● **EXERCISE REQUIREMENTS**
What lines below contain the word "whole"? Please pull each one out.

● **PROVIDED MATERIAL**
[Start of section]

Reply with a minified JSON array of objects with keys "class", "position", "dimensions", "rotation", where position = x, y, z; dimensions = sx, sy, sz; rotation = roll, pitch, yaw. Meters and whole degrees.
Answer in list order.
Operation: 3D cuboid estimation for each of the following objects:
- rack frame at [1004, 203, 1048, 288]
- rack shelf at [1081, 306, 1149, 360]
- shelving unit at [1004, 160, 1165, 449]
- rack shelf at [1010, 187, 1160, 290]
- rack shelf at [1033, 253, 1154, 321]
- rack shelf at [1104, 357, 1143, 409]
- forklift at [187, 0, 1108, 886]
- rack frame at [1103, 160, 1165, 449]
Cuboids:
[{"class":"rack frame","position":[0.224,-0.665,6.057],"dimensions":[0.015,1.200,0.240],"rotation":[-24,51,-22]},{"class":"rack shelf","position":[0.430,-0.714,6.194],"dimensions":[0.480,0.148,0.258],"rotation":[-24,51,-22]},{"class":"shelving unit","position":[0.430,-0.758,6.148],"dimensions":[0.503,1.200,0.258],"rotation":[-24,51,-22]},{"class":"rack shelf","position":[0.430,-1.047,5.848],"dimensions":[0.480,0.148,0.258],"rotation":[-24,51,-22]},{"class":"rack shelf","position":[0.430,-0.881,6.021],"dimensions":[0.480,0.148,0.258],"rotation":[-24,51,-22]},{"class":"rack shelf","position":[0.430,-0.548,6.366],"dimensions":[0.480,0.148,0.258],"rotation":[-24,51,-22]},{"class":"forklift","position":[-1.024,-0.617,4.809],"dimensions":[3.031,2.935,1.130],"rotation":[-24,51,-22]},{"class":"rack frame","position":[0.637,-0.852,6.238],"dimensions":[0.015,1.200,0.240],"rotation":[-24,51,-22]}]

[End of section]
[Start of section]

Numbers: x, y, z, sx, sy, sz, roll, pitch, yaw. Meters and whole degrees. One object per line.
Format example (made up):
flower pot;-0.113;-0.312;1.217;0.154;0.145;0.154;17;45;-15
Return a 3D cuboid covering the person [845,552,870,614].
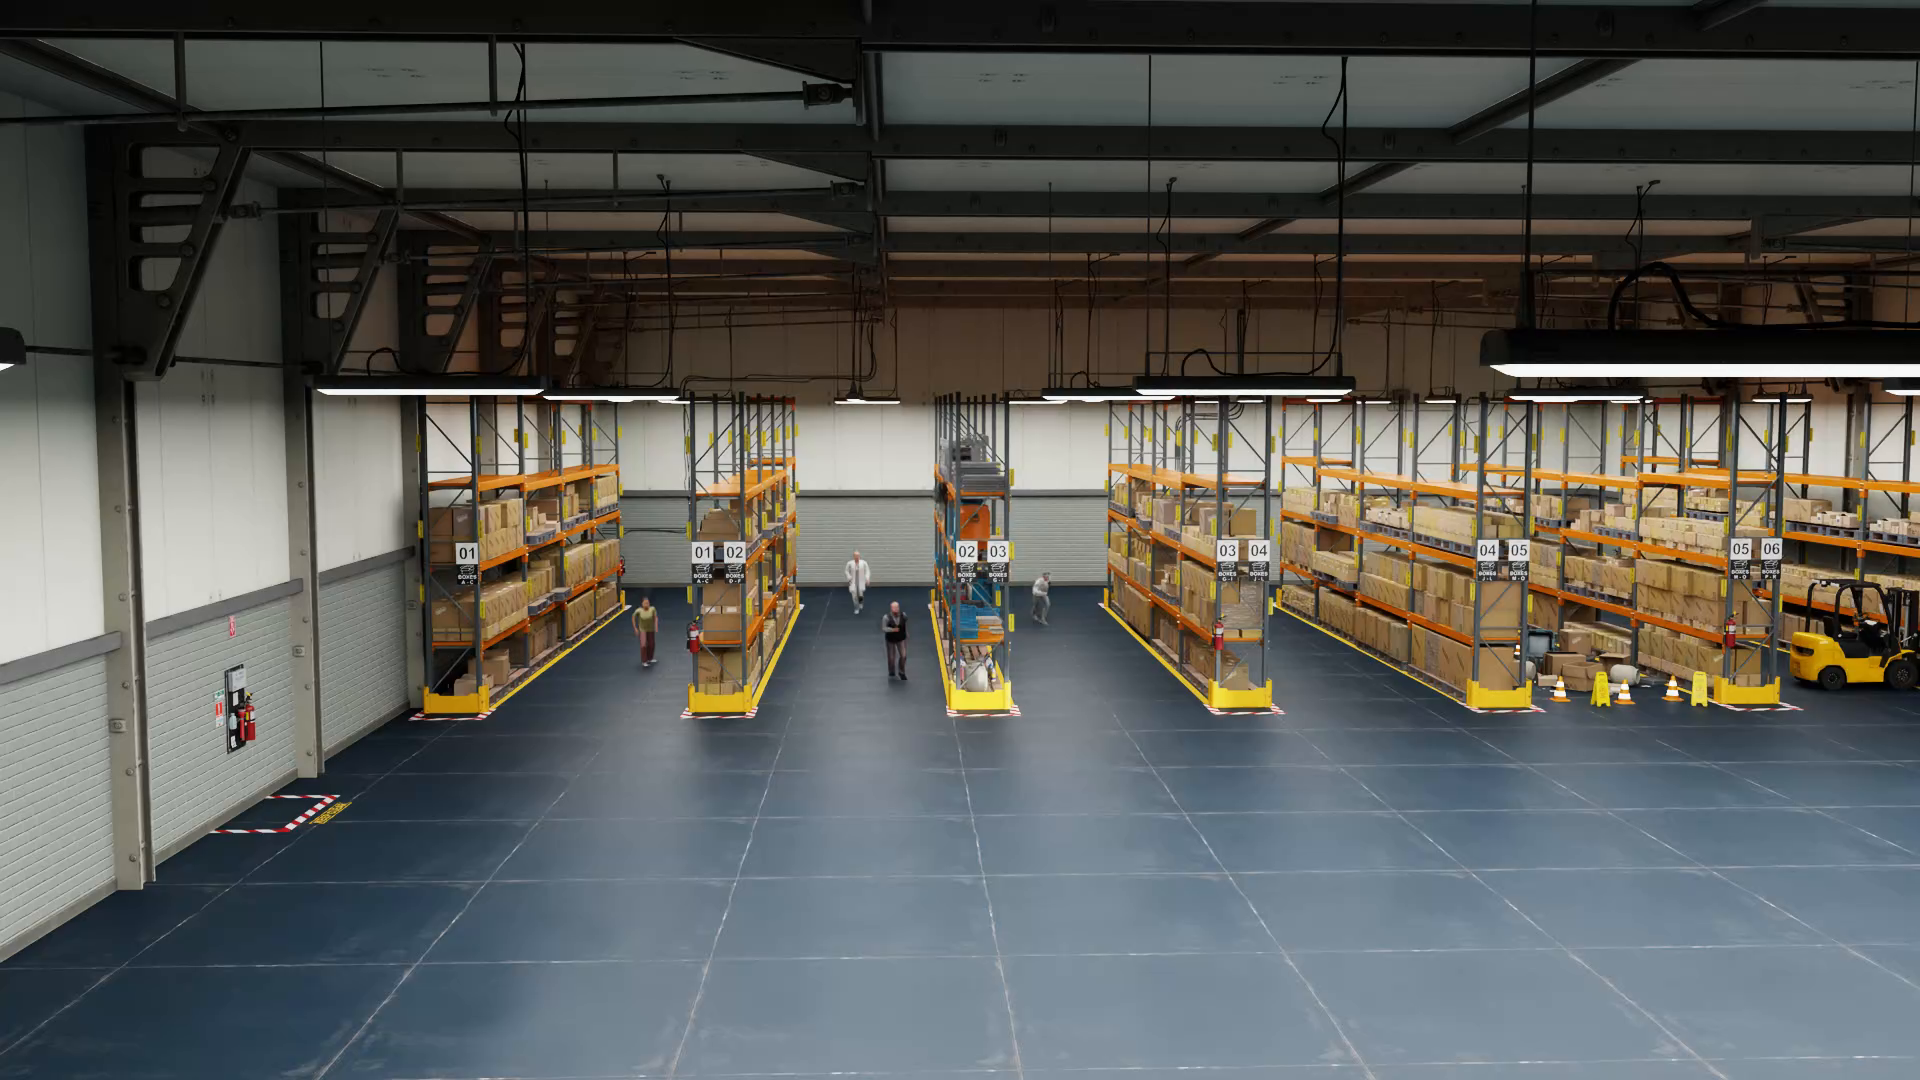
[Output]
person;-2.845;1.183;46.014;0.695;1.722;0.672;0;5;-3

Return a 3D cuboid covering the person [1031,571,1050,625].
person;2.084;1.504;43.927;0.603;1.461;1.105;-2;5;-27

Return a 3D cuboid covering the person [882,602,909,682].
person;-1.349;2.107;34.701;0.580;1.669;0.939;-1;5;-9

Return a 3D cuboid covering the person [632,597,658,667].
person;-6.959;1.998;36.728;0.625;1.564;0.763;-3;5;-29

[End of section]

● **WRITTEN ANSWER**
Reply with a minified JSON array of objects with keys "class", "position", "dimensions", "rotation", where position = x, y, z; dimensions = sx, sy, sz; rotation = roll, pitch, yaw. Meters and whole degrees.
Numbers: x, y, z, sx, sy, sz, roll, pitch, yaw. Meters and whole degrees. One object per line.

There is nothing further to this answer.